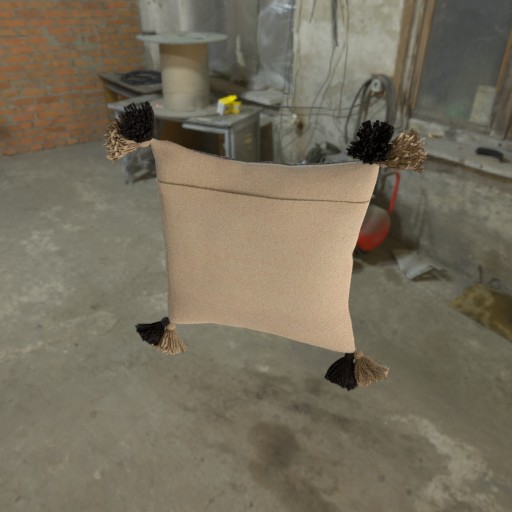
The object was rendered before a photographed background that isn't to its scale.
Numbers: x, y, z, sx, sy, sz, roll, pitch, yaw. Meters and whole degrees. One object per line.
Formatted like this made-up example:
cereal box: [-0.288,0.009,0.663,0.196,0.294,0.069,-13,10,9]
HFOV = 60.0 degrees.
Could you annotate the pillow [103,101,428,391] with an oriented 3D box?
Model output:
pillow: [0.000,0.000,0.991,0.654,0.659,0.170,8,32,14]
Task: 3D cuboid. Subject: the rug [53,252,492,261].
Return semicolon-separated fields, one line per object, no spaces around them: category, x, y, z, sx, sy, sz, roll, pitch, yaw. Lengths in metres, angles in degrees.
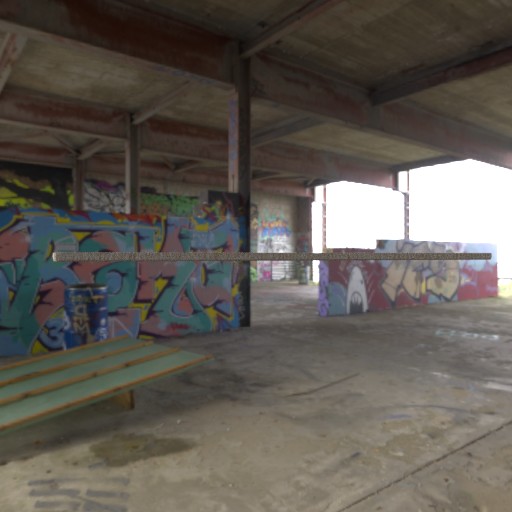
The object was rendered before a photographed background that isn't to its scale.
rug;0.000;0.000;2.073;1.600;0.027;1.200;0;0;-17
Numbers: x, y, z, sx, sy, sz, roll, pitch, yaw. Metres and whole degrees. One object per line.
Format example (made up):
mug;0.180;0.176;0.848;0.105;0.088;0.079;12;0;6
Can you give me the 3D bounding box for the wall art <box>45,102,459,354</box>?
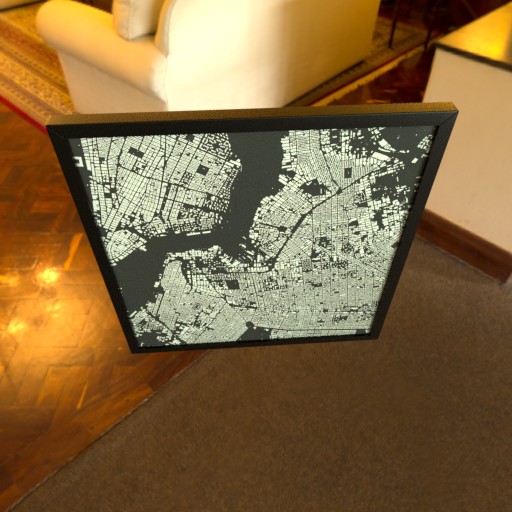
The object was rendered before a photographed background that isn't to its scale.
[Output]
wall art;0.000;0.000;1.091;0.755;0.761;0.038;-3;46;-3
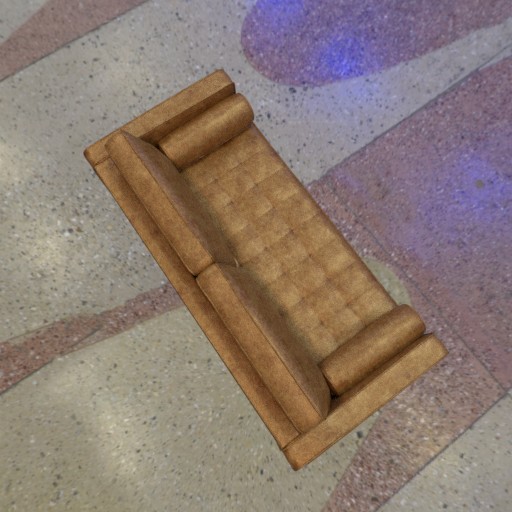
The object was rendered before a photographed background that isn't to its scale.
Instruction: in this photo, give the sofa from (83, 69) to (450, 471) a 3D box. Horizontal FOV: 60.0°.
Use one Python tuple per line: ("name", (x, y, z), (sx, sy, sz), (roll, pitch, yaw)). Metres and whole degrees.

==================================================

Task directions
Only the lines from the one holding "Format example (made" to the last line of the entries above should be printed, exactly as they appear and with no pictures.

Exercise response
Format example (made up):
mug;0.180;0.176;0.848;0.105;0.088;0.079;12;0;6
Can you give me the 3D bounding box for the wall art <box>45,102,459,354</box>?
The object was rendered before a photographed background that isn't to its scale.
[Output]
wall art;0.000;0.000;1.091;0.755;0.761;0.038;-3;46;-3
The object was rendered before a photographed background that isn't to its scale.
Instruction: in this photo, give the sofa from (83, 69) to (450, 471) a 3D box. Horizontal FOV: 60.0°.
Use one Python tuple per line: ("name", (x, y, z), (sx, sy, sz), (roll, pitch, yaw)). Metres and whole degrees.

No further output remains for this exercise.